Respiratory Strength Training in Persons With Amyotrophic Lateral Sclerosis (ALS)

Amyotrophic Lateral Sclerosis Clinical Trial

Official title:
The Impact of Respiratory Strength Training in Individuals With Amyotrophic Lateral Sclerosis (ALS)

Clinical Trial Details — Status: Completed

Administrative data
NCT number NCT02710110
Other study ID # IRB201501172
Secondary ID
Status Completed
Phase Early Phase 1
First received
Last updated
Start date April 2016
Est. completion date February 7, 2019

Study information
Verified date January 2020
Source University of Florida
Contact n/a
Is FDA regulated No
Health authority
Study type Interventional

Clinical Trial Summary

Dysphagia (swallow impairment), dystussia (cough impairment) and respiratory impairment are hallmark features of amyotrophic lateral sclerosis (ALS). These symptoms are the cause of fatal aspiration, malnutrition and respiratory insufficiency that together account for 91.4% of ALS mortality. Unfortunately, treatments to prolong and maintain these vital functions are currently lacking. Although the use of exercise in ALS is controversial, recent evidence suggests that mild to moderate intensity exercise applied early in the disease slows disease progression, improves motor function, preserves motor neuron number, reduces muscle hypoplasia, atrophy astrogliosis, and prolongs survival in animal models of ALS and human clinical trials.

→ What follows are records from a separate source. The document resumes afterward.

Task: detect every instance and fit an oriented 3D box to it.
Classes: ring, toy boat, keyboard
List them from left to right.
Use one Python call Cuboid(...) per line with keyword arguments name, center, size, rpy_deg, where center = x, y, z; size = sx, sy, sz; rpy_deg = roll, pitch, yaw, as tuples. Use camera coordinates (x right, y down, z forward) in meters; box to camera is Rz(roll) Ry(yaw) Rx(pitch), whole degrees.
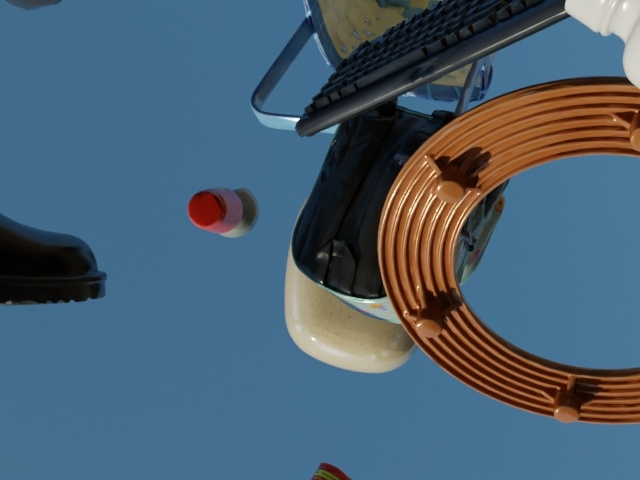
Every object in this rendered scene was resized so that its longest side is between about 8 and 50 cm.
Cuboid(name="toy boat", center=(0.000, 0.000, 1.396), size=(0.318, 0.148, 0.267), rpy_deg=(19, -87, 11))
Cuboid(name="keyboard", center=(0.119, -0.174, 0.838), size=(0.033, 0.317, 0.201), rpy_deg=(53, -127, -15))
Cuboid(name="ring", center=(0.206, 0.028, 0.862), size=(0.336, 0.337, 0.032), rpy_deg=(43, -143, -23))

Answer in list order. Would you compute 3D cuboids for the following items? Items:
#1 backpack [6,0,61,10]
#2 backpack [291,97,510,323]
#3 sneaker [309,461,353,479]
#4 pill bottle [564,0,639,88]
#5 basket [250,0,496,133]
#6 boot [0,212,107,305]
Cuboid(name="backpack", center=(-0.337, -0.507, 1.405), size=(0.290, 0.273, 0.355), rpy_deg=(41, -127, -45))
Cuboid(name="backpack", center=(0.072, -0.017, 1.086), size=(0.188, 0.166, 0.144), rpy_deg=(-61, -33, -14))
Cuboid(name="sneaker", center=(-0.014, 0.298, 1.267), size=(0.279, 0.107, 0.118), rpy_deg=(8, -94, -36))
Cuboid(name="pill bottle", center=(0.208, -0.095, 0.568), size=(0.169, 0.094, 0.094), rpy_deg=(36, -122, 14))
Cuboid(name="basket", center=(0.079, -0.233, 1.360), size=(0.289, 0.255, 0.201), rpy_deg=(-66, -29, -24))
Cuboid(name="boot", center=(-0.347, -0.073, 1.090), size=(0.348, 0.131, 0.260), rpy_deg=(10, -96, -36))

This research study is designed to determine the impact of respiratory strength training on breathing, airway protection and swallowing in persons with Amyotrophic Lateral Sclerosis (ALS).

Description:

This research study will measure the maximum inspiratory and expiratory pressure with secondary measures of respiration, swallow, cough, quality of life and global disease progression following twelve-weeks of treatment compared to the sham group.

As a participant two evaluations at the University of Florida Swallowing Systems Core laboratory located at Shands Hospital, Gainesville will take place. Each will take approximately two-hours and these will be spaced exactly three-months apart. During each evaluation tests will be performed to look at breathing, swallowing, and ability to cough doing standard clinical exams. In addition, some surveys about eating, speaking and quality of life will be taken.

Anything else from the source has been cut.